Iran deal still unclear, IAEA chief fails to reassure US senators

  • AFP, Washington
  • Updated: Aug 06, 2015 09:26 IST
Iranian workers stand in front of the Bushehr nuclear power plant in this file photo. Iran and six major world powers have reached a nuclear deal , granting Tehran sanctions relief in exchange for curbs on its nuclear program. (Reuters Photo)

Senate Foreign Relations Committee chairman Bob Corker said the briefing given by the head of the UN nuclear watchdog agency about the nuclear deal with Iran was "less assured."

"The majority of members here left with far more questions than they had before the meeting took place," Corker told reporters after an hour-plus briefing by International Atomic Energy Agency (IAEA) director general Yukiya Amano. "I can say from my perspective that it left me far less assured."

Amano traveled to Capitol Hill in a bid to assuage growing concern in Congress, where lawmakers will be voting in September on whether to approve the nuclear accord between Iran and world powers.

In particular, he was to address two confidential side deals the IAEA signed with Tehran.

Washington has described the side deals as "technical agreements," which are believed to include a deal about Iran's documentation of the alleged "previous military dimension (PMD)" of its nuclear program.

Iran in July granted the IAEA tightly-controlled "managed access" to its military bases as part of the accord.

The IAEA agreement is aimed in part at resolving suspicions about Iran's military facility at Parchin, where US lawmakers, citing intelligence reports, say Tehran conducted past nuclear work.

Issue of IAEA access key

Lawmakers have aired concerns about Iran's military capacity, and in particular what kind of access the IAEA would have to Parchin.

"We can not get him to even confirm that we will have physical access inside of Parchin," Corker said of Amano.

The IAEA chief said he recognized the frustrations, but said he "explained that my legal obligation is to protect safeguards confidentiality."

Should Congress approve the joint comprehensive plan of action and it goes into effect, Amano stressed, "the nuclear activities of Iran will be reduced in size, and we'll have the most robust verification regime in Iran."

The top Democrat on the panel, Senator Ben Cardin, said it was important for members of Congress to at least be able to see key portions of the IAEA-Iran agreements.

"I thought today was helpful, but it was not a substitute for seeing the document," Cardin told reporters. "I think there's previsions in the document that relate to the integrity of the review of the PMD that would be useful."

Senate Republican David Perdue, a member of the committee, emerged frustrated at Amano's lack of detail.
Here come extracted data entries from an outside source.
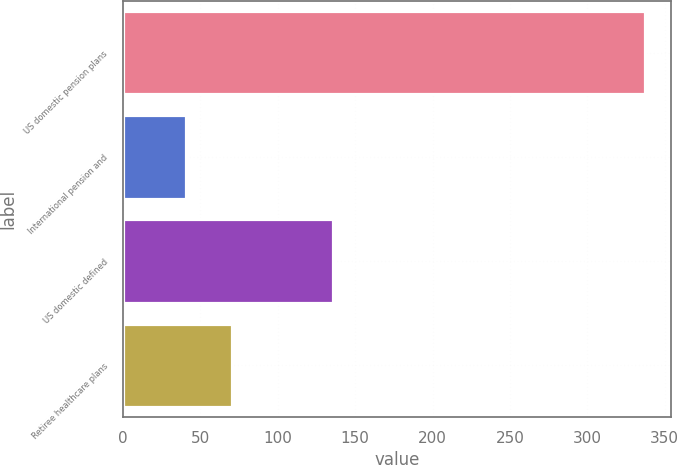<chart> <loc_0><loc_0><loc_500><loc_500><bar_chart><fcel>US domestic pension plans<fcel>International pension and<fcel>US domestic defined<fcel>Retiree healthcare plans<nl><fcel>337<fcel>41<fcel>136<fcel>70.6<nl></chart> 
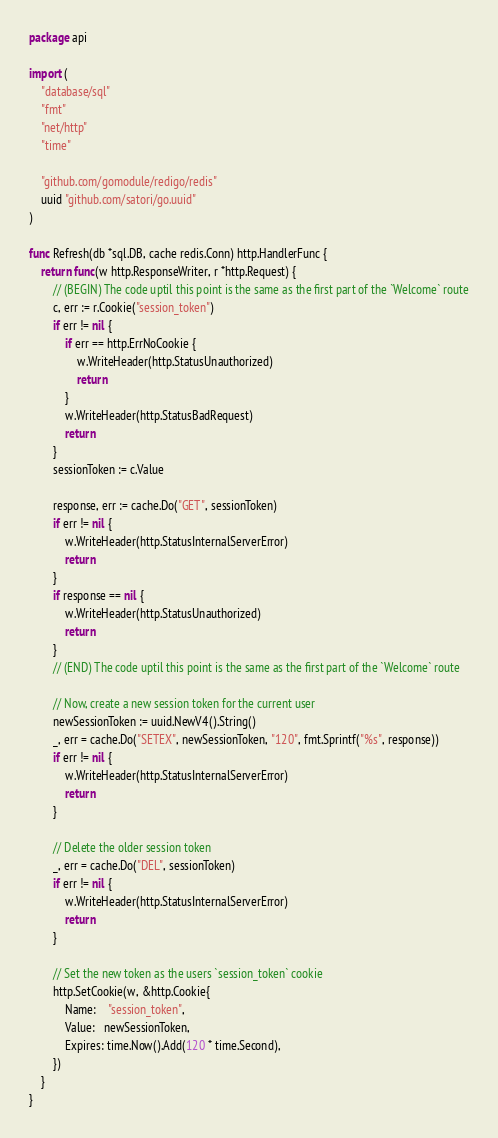<code> <loc_0><loc_0><loc_500><loc_500><_Go_>package api

import (
	"database/sql"
	"fmt"
	"net/http"
	"time"

	"github.com/gomodule/redigo/redis"
	uuid "github.com/satori/go.uuid"
)

func Refresh(db *sql.DB, cache redis.Conn) http.HandlerFunc {
	return func(w http.ResponseWriter, r *http.Request) {
		// (BEGIN) The code uptil this point is the same as the first part of the `Welcome` route
		c, err := r.Cookie("session_token")
		if err != nil {
			if err == http.ErrNoCookie {
				w.WriteHeader(http.StatusUnauthorized)
				return
			}
			w.WriteHeader(http.StatusBadRequest)
			return
		}
		sessionToken := c.Value

		response, err := cache.Do("GET", sessionToken)
		if err != nil {
			w.WriteHeader(http.StatusInternalServerError)
			return
		}
		if response == nil {
			w.WriteHeader(http.StatusUnauthorized)
			return
		}
		// (END) The code uptil this point is the same as the first part of the `Welcome` route

		// Now, create a new session token for the current user
		newSessionToken := uuid.NewV4().String()
		_, err = cache.Do("SETEX", newSessionToken, "120", fmt.Sprintf("%s", response))
		if err != nil {
			w.WriteHeader(http.StatusInternalServerError)
			return
		}

		// Delete the older session token
		_, err = cache.Do("DEL", sessionToken)
		if err != nil {
			w.WriteHeader(http.StatusInternalServerError)
			return
		}

		// Set the new token as the users `session_token` cookie
		http.SetCookie(w, &http.Cookie{
			Name:    "session_token",
			Value:   newSessionToken,
			Expires: time.Now().Add(120 * time.Second),
		})
	}
}
</code>

"The number one question we had was, are we going to get access to the two side agreements, and the answer was 'no'," said Perdue, describing the nuclear deal with Iran as "troubling."
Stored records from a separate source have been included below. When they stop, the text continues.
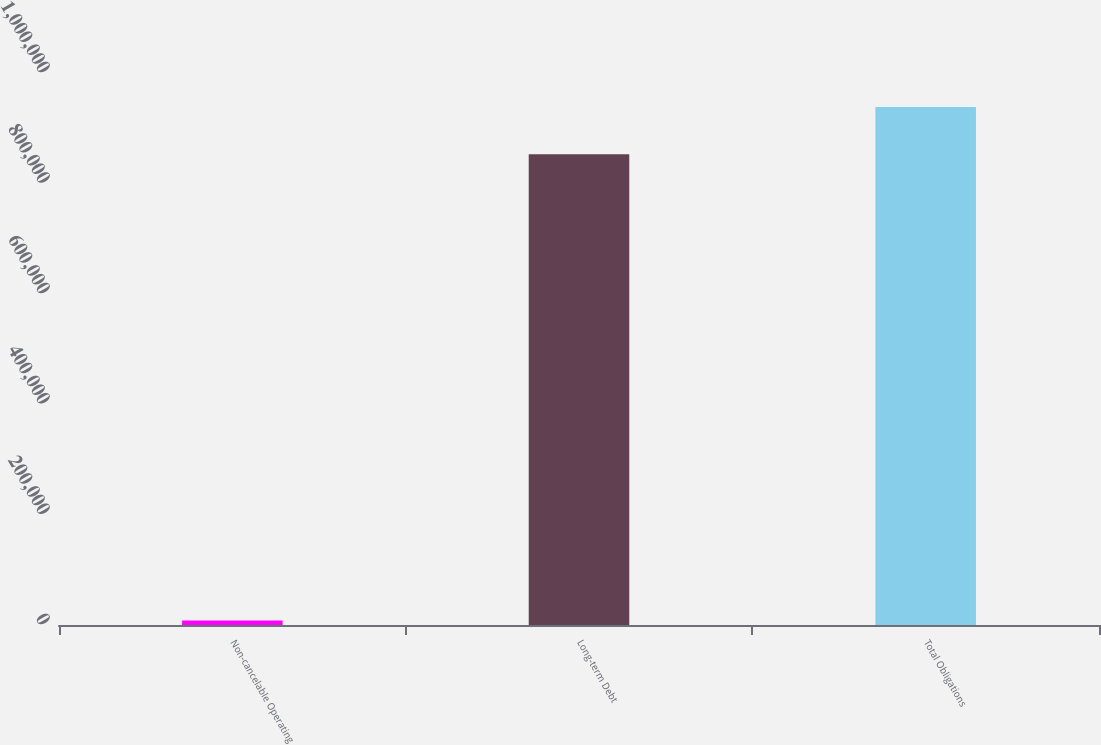<chart> <loc_0><loc_0><loc_500><loc_500><bar_chart><fcel>Non-cancelable Operating<fcel>Long-term Debt<fcel>Total Obligations<nl><fcel>7937<fcel>852992<fcel>938291<nl></chart> 
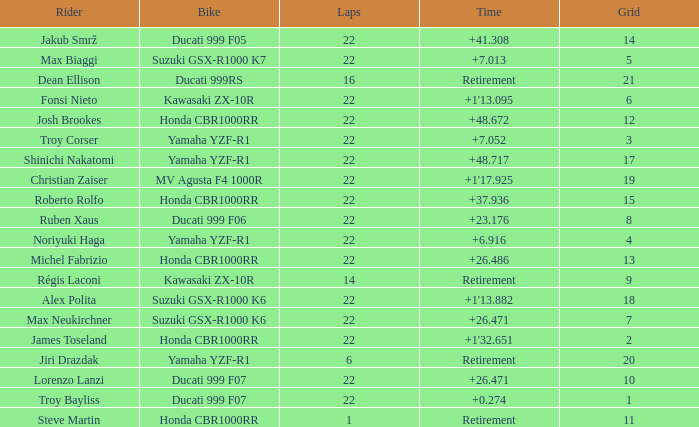Which bike did Jiri Drazdak ride when he had a grid number larger than 14 and less than 22 laps? Yamaha YZF-R1. 
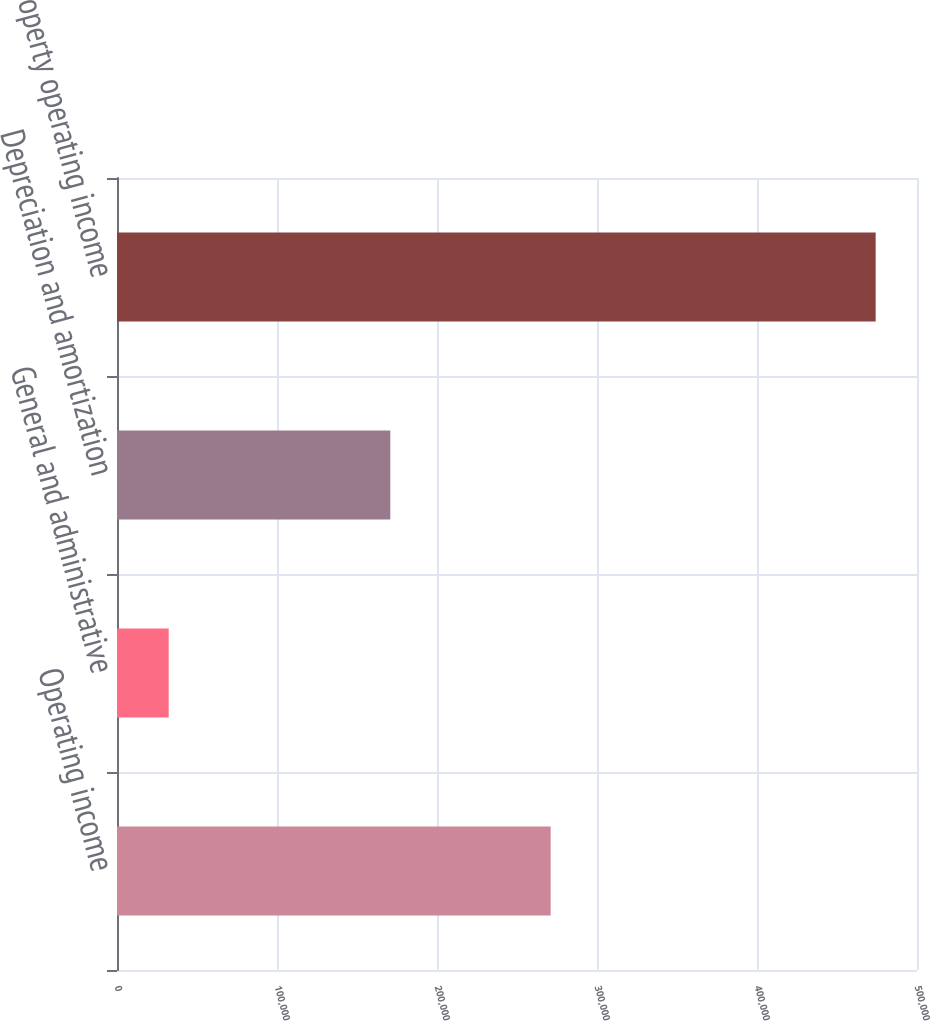Convert chart to OTSL. <chart><loc_0><loc_0><loc_500><loc_500><bar_chart><fcel>Operating income<fcel>General and administrative<fcel>Depreciation and amortization<fcel>Property operating income<nl><fcel>271037<fcel>32316<fcel>170814<fcel>474167<nl></chart>

Meanwhile Wendy Sherman, undersecretary of state for political affairs, testified to the Senate Banking Committee that she has read the side agreements and would share key details of them later Wednesday in a classified briefing to senators.

'Gullible and naive'

Republican Senator Ted Cruz slammed the Iran accord after attending part of Sherman's briefing. "This Obama-Iranian nuclear deal is a bad deal, and it keeps getting worse," he said.

Cruz, also a White House hopeful, said the details revealed in the briefing "produce no comfort or security whatsoever."

"This deal is not materially different from simply calling the Iranian supreme leader, asking if they're developing nuclear weapons, and taking his word for it when he says no," he said. "The idea that we would trust Iran to inspect their own facilities takes a level of gullibility and naivete that exceeds the standards even of the Obama administration."

Obama meanwhile nominated a senior White House adviser as the US envoy to the IAEA.

Laura Holgate -- a special assistant responsible for weapons of mass destruction, terrorism and threat reduction -- was named to go to Vienna.

The IAEA will play a key role in monitoring Iran's nuclear activities under the deal, which relieves Iran of sanctions in return for curbs on the country's enrichment activity.

Iran must report on the possible military dimensions of its past nuclear program to the IAEA by mid-October.